I don’t necessarily disagree, but I think it’s very subjective. If you’re invested in an episodic series then part of the job of each episode is to fit into the overall series.
If you’re a lifelong buyer of Amazing Spider-Man and the next issue they stick in a reprint of Maus instead, it might be a much better comic in its own right, but Spidey fans would still be justified in feeling they hadn’t got what they paid for.
Like when Mark Millar did that gritty Wolverine issue set in a concentration camp at the end of his violent schlockfest run?
I know that you are big fan of the Transformers, and have to ask if that colors your view on this subject.
There is a lot of appeal for immersive universes for many people — Tolkien’s Middle Earth, The Wizarding World, Song of Ice and Fire, Star Wars, the MCU, and Star Trek. The fans of these things find the continuity, interconnectedness, and internal consistency to be appealing.
Whereas Transformers is primarily a toy line and not a universe, and, outside of things like Optimus Prime being the leader of the heroic Autobots and Megatron being the leader of the evil Decepticons, there isn’t any kind of legendarium or history at play. Every time someone gets the license, they tell their own stories. So there’s the G1 Cartoon, G1 Marvel US comics, G1 Marvel UK comics, Dreamwave comics, IDW comics, the Michael Bay films, and all of the other animated series I couldn’t even begin to name without scouring Wikipedia.
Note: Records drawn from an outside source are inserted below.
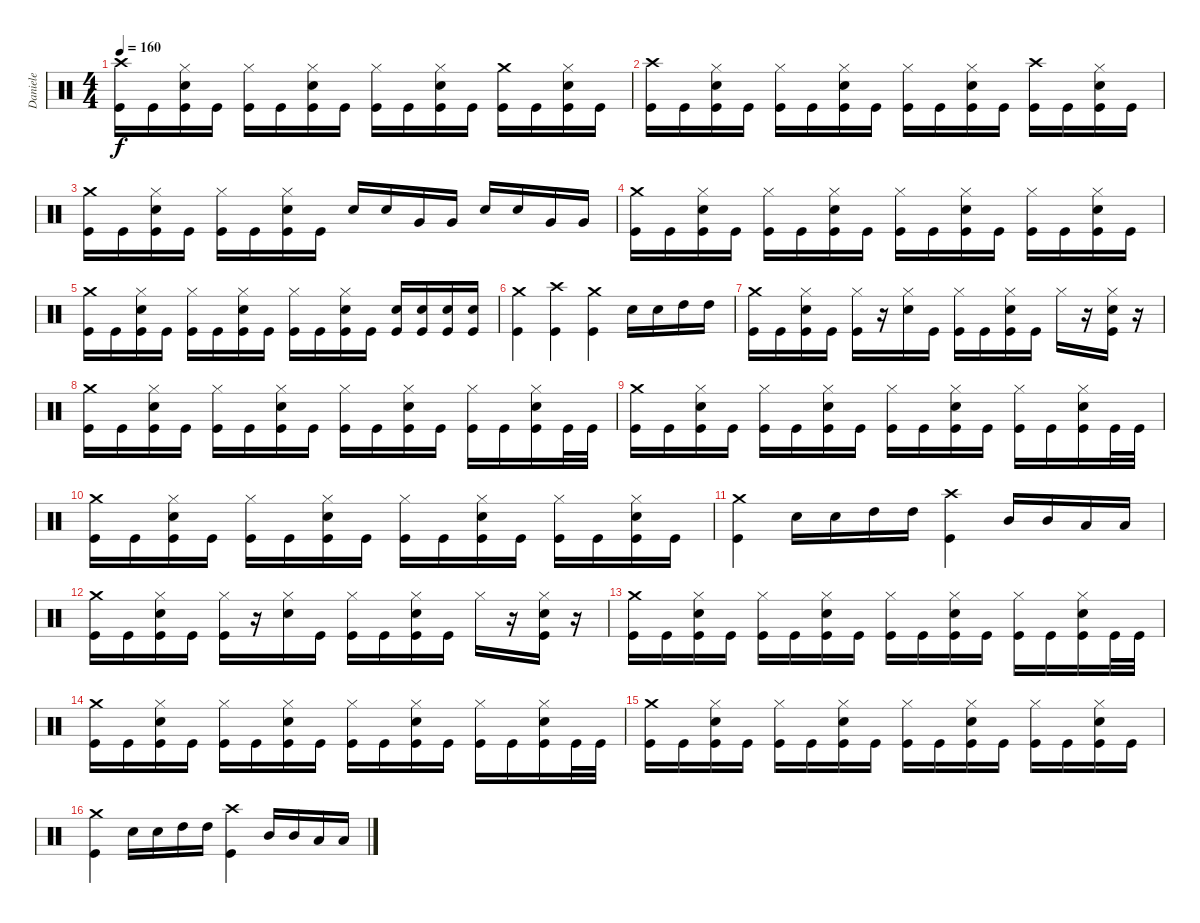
\track ("Daniele" "Daniele") {instrument percussion}
\staff {score}
\articulation defaults
\ts (4 4)
\tempo 160
\clef neutral
\ks c
("Kick (hit)" "Crash high (hit)").16{dy f} "Kick (hit)".16 ("Kick (hit)" "Electric Snare (hit)" "Hi-Hat (closed)").16 "Kick (hit)".16 ("Kick (hit)" "Hi-Hat (closed)").16 "Kick (hit)".16 ("Kick (hit)" "Electric Snare (hit)" "Hi-Hat (closed)").16 "Kick (hit)".16 ("Kick (hit)" "Hi-Hat (closed)").16 "Kick (hit)".16 ("Kick (hit)" "Electric Snare (hit)" "Hi-Hat (closed)").16 "Kick (hit)".16 ("Kick (hit)" "Crash medium (hit)").16 "Kick (hit)".16 ("Kick (hit)" "Electric Snare (hit)" "Hi-Hat (closed)").16 "Kick (hit)".16 |
("Kick (hit)" "Crash high (hit)").16 "Kick (hit)".16 ("Kick (hit)" "Electric Snare (hit)" "Hi-Hat (closed)").16 "Kick (hit)".16 ("Kick (hit)" "Hi-Hat (closed)").16 "Kick (hit)".16 ("Kick (hit)" "Electric Snare (hit)" "Hi-Hat (closed)").16 "Kick (hit)".16 ("Kick (hit)" "Hi-Hat (closed)").16 "Kick (hit)".16 ("Kick (hit)" "Electric Snare (hit)" "Hi-Hat (closed)").16 "Kick (hit)".16 ("Kick (hit)" "Crash high (hit)").16 "Kick (hit)".16 ("Kick (hit)" "Electric Snare (hit)" "Hi-Hat (closed)").16 "Kick (hit)".16 |
("Kick (hit)" "Crash medium (hit)").16 "Kick (hit)".16 ("Kick (hit)" "Electric Snare (hit)" "Hi-Hat (closed)").16 "Kick (hit)".16 ("Kick (hit)" "Hi-Hat (closed)").16 "Kick (hit)".16 ("Kick (hit)" "Electric Snare (hit)" "Hi-Hat (closed)").16 "Kick (hit)".16 "Electric Snare (hit)".16 "Electric Snare (hit)".16 "Very Low Tom (hit)".16 "Very Low Tom (hit)".16 "Electric Snare (hit)".16 "Electric Snare (hit)".16 "Very Low Tom (hit)".16 "Very Low Tom (hit)".16 |
("Kick (hit)" "Crash medium (hit)").16 "Kick (hit)".16 ("Kick (hit)" "Electric Snare (hit)" "Hi-Hat (closed)").16 "Kick (hit)".16 ("Kick (hit)" "Hi-Hat (closed)").16 "Kick (hit)".16 ("Kick (hit)" "Electric Snare (hit)" "Hi-Hat (closed)").16 "Kick (hit)".16 ("Kick (hit)" "Hi-Hat (closed)").16 "Kick (hit)".16 ("Kick (hit)" "Electric Snare (hit)" "Hi-Hat (closed)").16 "Kick (hit)".16 ("Kick (hit)" "Hi-Hat (closed)").16 "Kick (hit)".16 ("Kick (hit)" "Electric Snare (hit)" "Hi-Hat (closed)").16 "Kick (hit)".16 |
("Kick (hit)" "Crash medium (hit)").16 "Kick (hit)".16 ("Kick (hit)" "Electric Snare (hit)" "Hi-Hat (closed)").16 "Kick (hit)".16 ("Kick (hit)" "Hi-Hat (closed)").16 "Kick (hit)".16 ("Kick (hit)" "Electric Snare (hit)" "Hi-Hat (closed)").16 "Kick (hit)".16 ("Kick (hit)" "Hi-Hat (closed)").16 "Kick (hit)".16 ("Kick (hit)" "Electric Snare (hit)" "Hi-Hat (closed)").16 "Kick (hit)".16 ("Kick (hit)" "Electric Snare (hit)").16 ("Kick (hit)" "Electric Snare (hit)").16 ("Kick (hit)" "Electric Snare (hit)").16 ("Kick (hit)" "Electric Snare (hit)").16 |
("Kick (hit)" "Crash medium (hit)").4 ("Kick (hit)" "Crash high (hit)").4 ("Kick (hit)" "Crash medium (hit)").4 "Electric Snare (hit)".16 "Electric Snare (hit)".16 "High Tom (hit)".16 "High Tom (hit)".16 |
("Kick (hit)" "Crash medium (hit)").16 "Kick (hit)".16 ("Kick (hit)" "Electric Snare (hit)" "Hi-Hat (closed)").16 "Kick (hit)".16 ("Kick (hit)" "Hi-Hat (closed)").16 r.16 ("Electric Snare (hit)" "Hi-Hat (closed)").16 "Kick (hit)".16 ("Kick (hit)" "Hi-Hat (closed)").16 "Kick (hit)".16 ("Kick (hit)" "Electric Snare (hit)" "Hi-Hat (closed)").16 "Kick (hit)".16 "Hi-Hat (closed)".16 r.16 ("Kick (hit)" "Electric Snare (hit)" "Hi-Hat (closed)").16 r.16 |
("Kick (hit)" "Crash medium (hit)").16 "Kick (hit)".16 ("Kick (hit)" "Electric Snare (hit)" "Hi-Hat (closed)").16 "Kick (hit)".16 ("Kick (hit)" "Hi-Hat (closed)").16 "Kick (hit)".16 ("Kick (hit)" "Electric Snare (hit)" "Hi-Hat (closed)").16 "Kick (hit)".16 ("Kick (hit)" "Hi-Hat (closed)").16 "Kick (hit)".16 ("Kick (hit)" "Electric Snare (hit)" "Hi-Hat (closed)").16 "Kick (hit)".16 ("Kick (hit)" "Hi-Hat (closed)").16 "Kick (hit)".16 ("Kick (hit)" "Electric Snare (hit)" "Hi-Hat (closed)").16 "Kick (hit)".32 "Kick (hit)".32 |
("Kick (hit)" "Crash medium (hit)").16 "Kick (hit)".16 ("Kick (hit)" "Electric Snare (hit)" "Hi-Hat (closed)").16 "Kick (hit)".16 ("Kick (hit)" "Hi-Hat (closed)").16 "Kick (hit)".16 ("Kick (hit)" "Electric Snare (hit)" "Hi-Hat (closed)").16 "Kick (hit)".16 ("Kick (hit)" "Hi-Hat (closed)").16 "Kick (hit)".16 ("Kick (hit)" "Electric Snare (hit)" "Hi-Hat (closed)").16 "Kick (hit)".16 ("Kick (hit)" "Hi-Hat (closed)").16 "Kick (hit)".16 ("Kick (hit)" "Electric Snare (hit)" "Hi-Hat (closed)").16 "Kick (hit)".32 "Kick (hit)".32 |
("Kick (hit)" "Crash medium (hit)").16 "Kick (hit)".16 ("Kick (hit)" "Electric Snare (hit)" "Hi-Hat (closed)").16 "Kick (hit)".16 ("Kick (hit)" "Hi-Hat (closed)").16 "Kick (hit)".16 ("Kick (hit)" "Electric Snare (hit)" "Hi-Hat (closed)").16 "Kick (hit)".16 ("Kick (hit)" "Hi-Hat (closed)").16 "Kick (hit)".16 ("Kick (hit)" "Electric Snare (hit)" "Hi-Hat (closed)").16 "Kick (hit)".16 ("Kick (hit)" "Hi-Hat (closed)").16 "Kick (hit)".16 ("Kick (hit)" "Electric Snare (hit)" "Hi-Hat (closed)").16 "Kick (hit)".16 |
("Kick (hit)" "Crash medium (hit)").4 "Electric Snare (hit)".16 "Electric Snare (hit)".16 "High Tom (hit)".16 "High Tom (hit)".16 ("Kick (hit)" "Crash high (hit)").4 "Mid Tom (hit)".16 "Mid Tom (hit)".16 "Low Tom (hit)".16 "Low Tom (hit)".16 |
("Kick (hit)" "Crash medium (hit)").16 "Kick (hit)".16 ("Kick (hit)" "Electric Snare (hit)" "Hi-Hat (closed)").16 "Kick (hit)".16 ("Kick (hit)" "Hi-Hat (closed)").16 r.16 ("Electric Snare (hit)" "Hi-Hat (closed)").16 "Kick (hit)".16 ("Kick (hit)" "Hi-Hat (closed)").16 "Kick (hit)".16 ("Kick (hit)" "Electric Snare (hit)" "Hi-Hat (closed)").16 "Kick (hit)".16 "Hi-Hat (closed)".16 r.16 ("Kick (hit)" "Electric Snare (hit)" "Hi-Hat (closed)").16 r.16 |
("Kick (hit)" "Crash medium (hit)").16 "Kick (hit)".16 ("Kick (hit)" "Electric Snare (hit)" "Hi-Hat (closed)").16 "Kick (hit)".16 ("Kick (hit)" "Hi-Hat (closed)").16 "Kick (hit)".16 ("Kick (hit)" "Electric Snare (hit)" "Hi-Hat (closed)").16 "Kick (hit)".16 ("Kick (hit)" "Hi-Hat (closed)").16 "Kick (hit)".16 ("Kick (hit)" "Electric Snare (hit)" "Hi-Hat (closed)").16 "Kick (hit)".16 ("Kick (hit)" "Hi-Hat (closed)").16 "Kick (hit)".16 ("Kick (hit)" "Electric Snare (hit)" "Hi-Hat (closed)").16 "Kick (hit)".32 "Kick (hit)".32 |
("Kick (hit)" "Crash medium (hit)").16 "Kick (hit)".16 ("Kick (hit)" "Electric Snare (hit)" "Hi-Hat (closed)").16 "Kick (hit)".16 ("Kick (hit)" "Hi-Hat (closed)").16 "Kick (hit)".16 ("Kick (hit)" "Electric Snare (hit)" "Hi-Hat (closed)").16 "Kick (hit)".16 ("Kick (hit)" "Hi-Hat (closed)").16 "Kick (hit)".16 ("Kick (hit)" "Electric Snare (hit)" "Hi-Hat (closed)").16 "Kick (hit)".16 ("Kick (hit)" "Hi-Hat (closed)").16 "Kick (hit)".16 ("Kick (hit)" "Electric Snare (hit)" "Hi-Hat (closed)").16 "Kick (hit)".32 "Kick (hit)".32 |
("Kick (hit)" "Crash medium (hit)").16 "Kick (hit)".16 ("Kick (hit)" "Electric Snare (hit)" "Hi-Hat (closed)").16 "Kick (hit)".16 ("Kick (hit)" "Hi-Hat (closed)").16 "Kick (hit)".16 ("Kick (hit)" "Electric Snare (hit)" "Hi-Hat (closed)").16 "Kick (hit)".16 ("Kick (hit)" "Hi-Hat (closed)").16 "Kick (hit)".16 ("Kick (hit)" "Electric Snare (hit)" "Hi-Hat (closed)").16 "Kick (hit)".16 ("Kick (hit)" "Hi-Hat (closed)").16 "Kick (hit)".16 ("Kick (hit)" "Electric Snare (hit)" "Hi-Hat (closed)").16 "Kick (hit)".16 |
("Kick (hit)" "Crash medium (hit)").4 "Electric Snare (hit)".16 "Electric Snare (hit)".16 "High Tom (hit)".16 "High Tom (hit)".16 ("Kick (hit)" "Crash high (hit)").4 "Mid Tom (hit)".16 "Mid Tom (hit)".16 "Low Tom (hit)".16 "Low Tom (hit)".16

I think it’s helped me gain a level of perspective about it, sure. I mean, I enjoy vast, lengthy stories, I think there are definite benefits to shared universes. But seeing how often retcons, reboots, declarations of stories not counting any more happen, it also means that at this point anyone who still gets worked up about it has nobody to blame for their reaction but themselves.
On their own merits, removed from their cultural cachet of the OT, all Star Wars movies made after 1983 are basically incomprehensible sci-fi gibberish like Jupiter Ascending or Valerian and the City of a Thousand Planets.
Find someone who’s never heard of Star Wars and show them The Last Jedi. I can almost guarantee you that they won’t be able to make heads of tails out of it. That’s one reason these things bomb in China, no matter how much Disney wants to make them happen over there.
By the standard you’re applying there, Empire and Jedi would also make no sense, so maybe that’s a good indicator that’s it’s not the argument I was making?